◆ Extracted records ◆
##############################

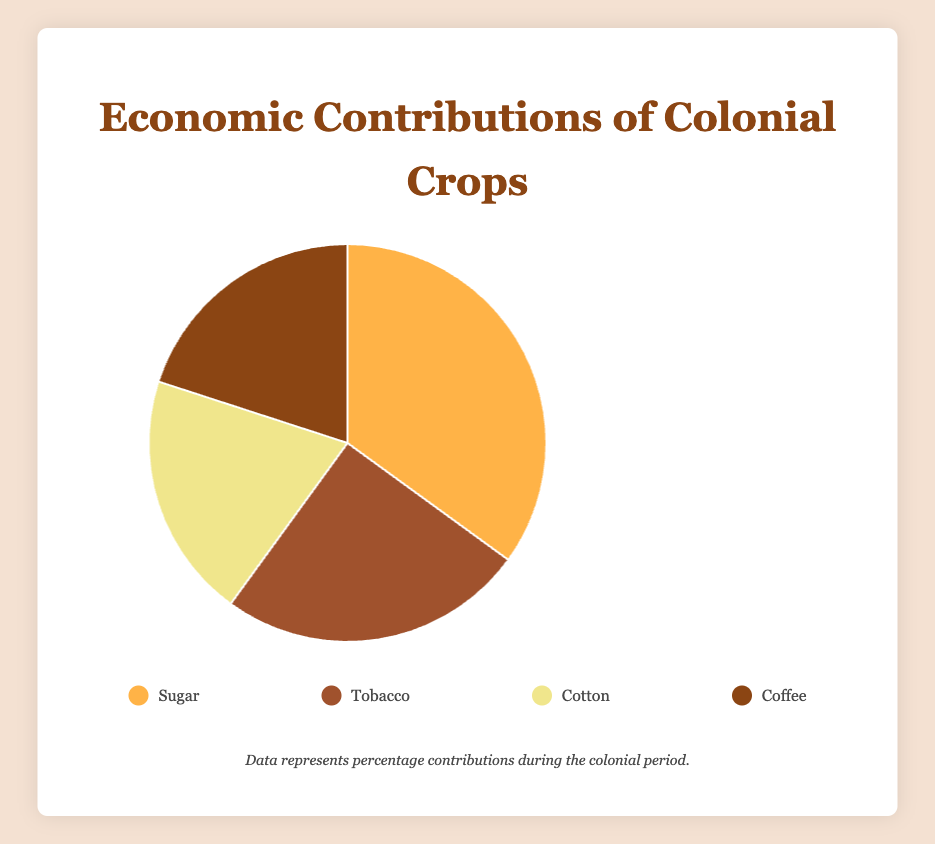Which crop has the highest economic contribution? By examining the pie chart, it is clear that the slice representing 'Sugar' takes up the largest portion of the pie, indicating the highest percentage contribution.
Answer: Sugar What total percentage do Coffee and Cotton contribute together? The respective contributions of Coffee and Cotton are 20% each. Adding them together: 20% + 20% = 40%.
Answer: 40% Which crop has a lower economic contribution: Tobacco or Coffee? By comparing the size of the slices, Tobacco contributes 25% and Coffee contributes 20%. Therefore, Coffee has a lower economic contribution.
Answer: Coffee How much greater is the economic contribution of Sugar compared to Tobacco? Sugar contributes 35%, and Tobacco contributes 25%. Subtracting the smaller contribution from the larger: 35% - 25% = 10%.
Answer: 10% What is the total economic contribution of the three least contributing crops? The three least contributing crops are Tobacco (25%), Cotton (20%), and Coffee (20%). Summing these: 25% + 20% + 20% = 65%.
Answer: 65% What crop represents 25% of the economic contributions? By looking at the pie chart, the portion representing 25% is the slice for 'Tobacco'.
Answer: Tobacco Which two crops have equal economic contribution percentages? The pie chart shows that both Cotton and Coffee have slices of equal size, each representing 20%.
Answer: Cotton and Coffee What is the average economic contribution of all four crops? Adding up all the percentages: 35% (Sugar) + 25% (Tobacco) + 20% (Cotton) + 20% (Coffee) = 100%. Dividing by the number of crops: 100% / 4 = 25%.
Answer: 25% Which slice on the pie chart is depicted with the lightest color? Observing the chart, the lightest-colored slice represents 'Sugar'.
Answer: Sugar 
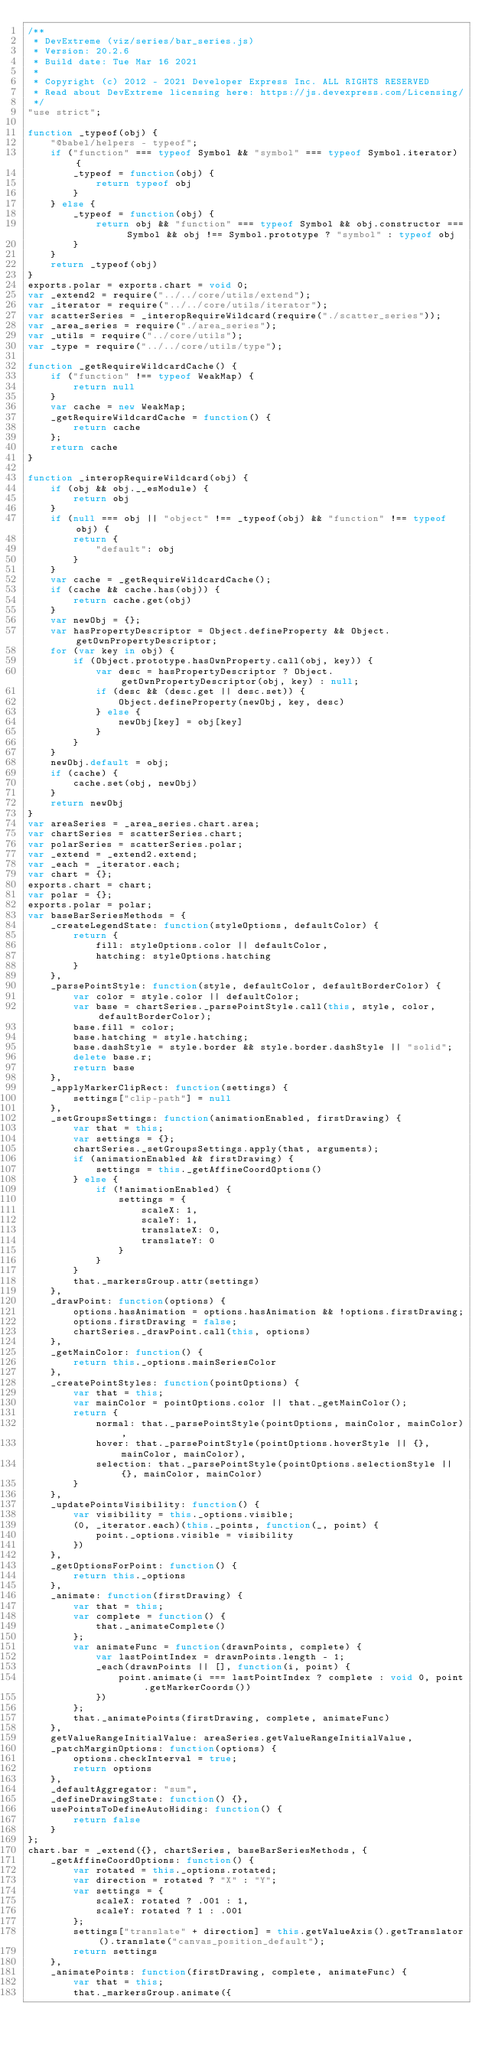<code> <loc_0><loc_0><loc_500><loc_500><_JavaScript_>/**
 * DevExtreme (viz/series/bar_series.js)
 * Version: 20.2.6
 * Build date: Tue Mar 16 2021
 *
 * Copyright (c) 2012 - 2021 Developer Express Inc. ALL RIGHTS RESERVED
 * Read about DevExtreme licensing here: https://js.devexpress.com/Licensing/
 */
"use strict";

function _typeof(obj) {
    "@babel/helpers - typeof";
    if ("function" === typeof Symbol && "symbol" === typeof Symbol.iterator) {
        _typeof = function(obj) {
            return typeof obj
        }
    } else {
        _typeof = function(obj) {
            return obj && "function" === typeof Symbol && obj.constructor === Symbol && obj !== Symbol.prototype ? "symbol" : typeof obj
        }
    }
    return _typeof(obj)
}
exports.polar = exports.chart = void 0;
var _extend2 = require("../../core/utils/extend");
var _iterator = require("../../core/utils/iterator");
var scatterSeries = _interopRequireWildcard(require("./scatter_series"));
var _area_series = require("./area_series");
var _utils = require("../core/utils");
var _type = require("../../core/utils/type");

function _getRequireWildcardCache() {
    if ("function" !== typeof WeakMap) {
        return null
    }
    var cache = new WeakMap;
    _getRequireWildcardCache = function() {
        return cache
    };
    return cache
}

function _interopRequireWildcard(obj) {
    if (obj && obj.__esModule) {
        return obj
    }
    if (null === obj || "object" !== _typeof(obj) && "function" !== typeof obj) {
        return {
            "default": obj
        }
    }
    var cache = _getRequireWildcardCache();
    if (cache && cache.has(obj)) {
        return cache.get(obj)
    }
    var newObj = {};
    var hasPropertyDescriptor = Object.defineProperty && Object.getOwnPropertyDescriptor;
    for (var key in obj) {
        if (Object.prototype.hasOwnProperty.call(obj, key)) {
            var desc = hasPropertyDescriptor ? Object.getOwnPropertyDescriptor(obj, key) : null;
            if (desc && (desc.get || desc.set)) {
                Object.defineProperty(newObj, key, desc)
            } else {
                newObj[key] = obj[key]
            }
        }
    }
    newObj.default = obj;
    if (cache) {
        cache.set(obj, newObj)
    }
    return newObj
}
var areaSeries = _area_series.chart.area;
var chartSeries = scatterSeries.chart;
var polarSeries = scatterSeries.polar;
var _extend = _extend2.extend;
var _each = _iterator.each;
var chart = {};
exports.chart = chart;
var polar = {};
exports.polar = polar;
var baseBarSeriesMethods = {
    _createLegendState: function(styleOptions, defaultColor) {
        return {
            fill: styleOptions.color || defaultColor,
            hatching: styleOptions.hatching
        }
    },
    _parsePointStyle: function(style, defaultColor, defaultBorderColor) {
        var color = style.color || defaultColor;
        var base = chartSeries._parsePointStyle.call(this, style, color, defaultBorderColor);
        base.fill = color;
        base.hatching = style.hatching;
        base.dashStyle = style.border && style.border.dashStyle || "solid";
        delete base.r;
        return base
    },
    _applyMarkerClipRect: function(settings) {
        settings["clip-path"] = null
    },
    _setGroupsSettings: function(animationEnabled, firstDrawing) {
        var that = this;
        var settings = {};
        chartSeries._setGroupsSettings.apply(that, arguments);
        if (animationEnabled && firstDrawing) {
            settings = this._getAffineCoordOptions()
        } else {
            if (!animationEnabled) {
                settings = {
                    scaleX: 1,
                    scaleY: 1,
                    translateX: 0,
                    translateY: 0
                }
            }
        }
        that._markersGroup.attr(settings)
    },
    _drawPoint: function(options) {
        options.hasAnimation = options.hasAnimation && !options.firstDrawing;
        options.firstDrawing = false;
        chartSeries._drawPoint.call(this, options)
    },
    _getMainColor: function() {
        return this._options.mainSeriesColor
    },
    _createPointStyles: function(pointOptions) {
        var that = this;
        var mainColor = pointOptions.color || that._getMainColor();
        return {
            normal: that._parsePointStyle(pointOptions, mainColor, mainColor),
            hover: that._parsePointStyle(pointOptions.hoverStyle || {}, mainColor, mainColor),
            selection: that._parsePointStyle(pointOptions.selectionStyle || {}, mainColor, mainColor)
        }
    },
    _updatePointsVisibility: function() {
        var visibility = this._options.visible;
        (0, _iterator.each)(this._points, function(_, point) {
            point._options.visible = visibility
        })
    },
    _getOptionsForPoint: function() {
        return this._options
    },
    _animate: function(firstDrawing) {
        var that = this;
        var complete = function() {
            that._animateComplete()
        };
        var animateFunc = function(drawnPoints, complete) {
            var lastPointIndex = drawnPoints.length - 1;
            _each(drawnPoints || [], function(i, point) {
                point.animate(i === lastPointIndex ? complete : void 0, point.getMarkerCoords())
            })
        };
        that._animatePoints(firstDrawing, complete, animateFunc)
    },
    getValueRangeInitialValue: areaSeries.getValueRangeInitialValue,
    _patchMarginOptions: function(options) {
        options.checkInterval = true;
        return options
    },
    _defaultAggregator: "sum",
    _defineDrawingState: function() {},
    usePointsToDefineAutoHiding: function() {
        return false
    }
};
chart.bar = _extend({}, chartSeries, baseBarSeriesMethods, {
    _getAffineCoordOptions: function() {
        var rotated = this._options.rotated;
        var direction = rotated ? "X" : "Y";
        var settings = {
            scaleX: rotated ? .001 : 1,
            scaleY: rotated ? 1 : .001
        };
        settings["translate" + direction] = this.getValueAxis().getTranslator().translate("canvas_position_default");
        return settings
    },
    _animatePoints: function(firstDrawing, complete, animateFunc) {
        var that = this;
        that._markersGroup.animate({</code> 
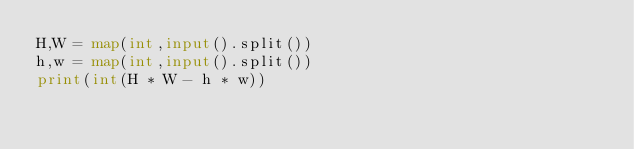Convert code to text. <code><loc_0><loc_0><loc_500><loc_500><_Python_>H,W = map(int,input().split())
h,w = map(int,input().split())
print(int(H * W - h * w))
</code>

##############################

◆ Assigned task ◆
Output the records above character for character, but leave each image out.

◆ Answer box ◆
Which crop has the highest economic contribution? By examining the pie chart, it is clear that the slice representing 'Sugar' takes up the largest portion of the pie, indicating the highest percentage contribution.
Answer: Sugar What total percentage do Coffee and Cotton contribute together? The respective contributions of Coffee and Cotton are 20% each. Adding them together: 20% + 20% = 40%.
Answer: 40% Which crop has a lower economic contribution: Tobacco or Coffee? By comparing the size of the slices, Tobacco contributes 25% and Coffee contributes 20%. Therefore, Coffee has a lower economic contribution.
Answer: Coffee How much greater is the economic contribution of Sugar compared to Tobacco? Sugar contributes 35%, and Tobacco contributes 25%. Subtracting the smaller contribution from the larger: 35% - 25% = 10%.
Answer: 10% What is the total economic contribution of the three least contributing crops? The three least contributing crops are Tobacco (25%), Cotton (20%), and Coffee (20%). Summing these: 25% + 20% + 20% = 65%.
Answer: 65% What crop represents 25% of the economic contributions? By looking at the pie chart, the portion representing 25% is the slice for 'Tobacco'.
Answer: Tobacco Which two crops have equal economic contribution percentages? The pie chart shows that both Cotton and Coffee have slices of equal size, each representing 20%.
Answer: Cotton and Coffee What is the average economic contribution of all four crops? Adding up all the percentages: 35% (Sugar) + 25% (Tobacco) + 20% (Cotton) + 20% (Coffee) = 100%. Dividing by the number of crops: 100% / 4 = 25%.
Answer: 25% Which slice on the pie chart is depicted with the lightest color? Observing the chart, the lightest-colored slice represents 'Sugar'.
Answer: Sugar 
<code> <loc_0><loc_0><loc_500><loc_500><_JavaScript_>/**
 * DevExtreme (viz/series/bar_series.js)
 * Version: 20.2.6
 * Build date: Tue Mar 16 2021
 *
 * Copyright (c) 2012 - 2021 Developer Express Inc. ALL RIGHTS RESERVED
 * Read about DevExtreme licensing here: https://js.devexpress.com/Licensing/
 */
"use strict";

function _typeof(obj) {
    "@babel/helpers - typeof";
    if ("function" === typeof Symbol && "symbol" === typeof Symbol.iterator) {
        _typeof = function(obj) {
            return typeof obj
        }
    } else {
        _typeof = function(obj) {
            return obj && "function" === typeof Symbol && obj.constructor === Symbol && obj !== Symbol.prototype ? "symbol" : typeof obj
        }
    }
    return _typeof(obj)
}
exports.polar = exports.chart = void 0;
var _extend2 = require("../../core/utils/extend");
var _iterator = require("../../core/utils/iterator");
var scatterSeries = _interopRequireWildcard(require("./scatter_series"));
var _area_series = require("./area_series");
var _utils = require("../core/utils");
var _type = require("../../core/utils/type");

function _getRequireWildcardCache() {
    if ("function" !== typeof WeakMap) {
        return null
    }
    var cache = new WeakMap;
    _getRequireWildcardCache = function() {
        return cache
    };
    return cache
}

function _interopRequireWildcard(obj) {
    if (obj && obj.__esModule) {
        return obj
    }
    if (null === obj || "object" !== _typeof(obj) && "function" !== typeof obj) {
        return {
            "default": obj
        }
    }
    var cache = _getRequireWildcardCache();
    if (cache && cache.has(obj)) {
        return cache.get(obj)
    }
    var newObj = {};
    var hasPropertyDescriptor = Object.defineProperty && Object.getOwnPropertyDescriptor;
    for (var key in obj) {
        if (Object.prototype.hasOwnProperty.call(obj, key)) {
            var desc = hasPropertyDescriptor ? Object.getOwnPropertyDescriptor(obj, key) : null;
            if (desc && (desc.get || desc.set)) {
                Object.defineProperty(newObj, key, desc)
            } else {
                newObj[key] = obj[key]
            }
        }
    }
    newObj.default = obj;
    if (cache) {
        cache.set(obj, newObj)
    }
    return newObj
}
var areaSeries = _area_series.chart.area;
var chartSeries = scatterSeries.chart;
var polarSeries = scatterSeries.polar;
var _extend = _extend2.extend;
var _each = _iterator.each;
var chart = {};
exports.chart = chart;
var polar = {};
exports.polar = polar;
var baseBarSeriesMethods = {
    _createLegendState: function(styleOptions, defaultColor) {
        return {
            fill: styleOptions.color || defaultColor,
            hatching: styleOptions.hatching
        }
    },
    _parsePointStyle: function(style, defaultColor, defaultBorderColor) {
        var color = style.color || defaultColor;
        var base = chartSeries._parsePointStyle.call(this, style, color, defaultBorderColor);
        base.fill = color;
        base.hatching = style.hatching;
        base.dashStyle = style.border && style.border.dashStyle || "solid";
        delete base.r;
        return base
    },
    _applyMarkerClipRect: function(settings) {
        settings["clip-path"] = null
    },
    _setGroupsSettings: function(animationEnabled, firstDrawing) {
        var that = this;
        var settings = {};
        chartSeries._setGroupsSettings.apply(that, arguments);
        if (animationEnabled && firstDrawing) {
            settings = this._getAffineCoordOptions()
        } else {
            if (!animationEnabled) {
                settings = {
                    scaleX: 1,
                    scaleY: 1,
                    translateX: 0,
                    translateY: 0
                }
            }
        }
        that._markersGroup.attr(settings)
    },
    _drawPoint: function(options) {
        options.hasAnimation = options.hasAnimation && !options.firstDrawing;
        options.firstDrawing = false;
        chartSeries._drawPoint.call(this, options)
    },
    _getMainColor: function() {
        return this._options.mainSeriesColor
    },
    _createPointStyles: function(pointOptions) {
        var that = this;
        var mainColor = pointOptions.color || that._getMainColor();
        return {
            normal: that._parsePointStyle(pointOptions, mainColor, mainColor),
            hover: that._parsePointStyle(pointOptions.hoverStyle || {}, mainColor, mainColor),
            selection: that._parsePointStyle(pointOptions.selectionStyle || {}, mainColor, mainColor)
        }
    },
    _updatePointsVisibility: function() {
        var visibility = this._options.visible;
        (0, _iterator.each)(this._points, function(_, point) {
            point._options.visible = visibility
        })
    },
    _getOptionsForPoint: function() {
        return this._options
    },
    _animate: function(firstDrawing) {
        var that = this;
        var complete = function() {
            that._animateComplete()
        };
        var animateFunc = function(drawnPoints, complete) {
            var lastPointIndex = drawnPoints.length - 1;
            _each(drawnPoints || [], function(i, point) {
                point.animate(i === lastPointIndex ? complete : void 0, point.getMarkerCoords())
            })
        };
        that._animatePoints(firstDrawing, complete, animateFunc)
    },
    getValueRangeInitialValue: areaSeries.getValueRangeInitialValue,
    _patchMarginOptions: function(options) {
        options.checkInterval = true;
        return options
    },
    _defaultAggregator: "sum",
    _defineDrawingState: function() {},
    usePointsToDefineAutoHiding: function() {
        return false
    }
};
chart.bar = _extend({}, chartSeries, baseBarSeriesMethods, {
    _getAffineCoordOptions: function() {
        var rotated = this._options.rotated;
        var direction = rotated ? "X" : "Y";
        var settings = {
            scaleX: rotated ? .001 : 1,
            scaleY: rotated ? 1 : .001
        };
        settings["translate" + direction] = this.getValueAxis().getTranslator().translate("canvas_position_default");
        return settings
    },
    _animatePoints: function(firstDrawing, complete, animateFunc) {
        var that = this;
        that._markersGroup.animate({</code> 
Convert code to text. <code><loc_0><loc_0><loc_500><loc_500><_Python_>H,W = map(int,input().split())
h,w = map(int,input().split())
print(int(H * W - h * w))
</code>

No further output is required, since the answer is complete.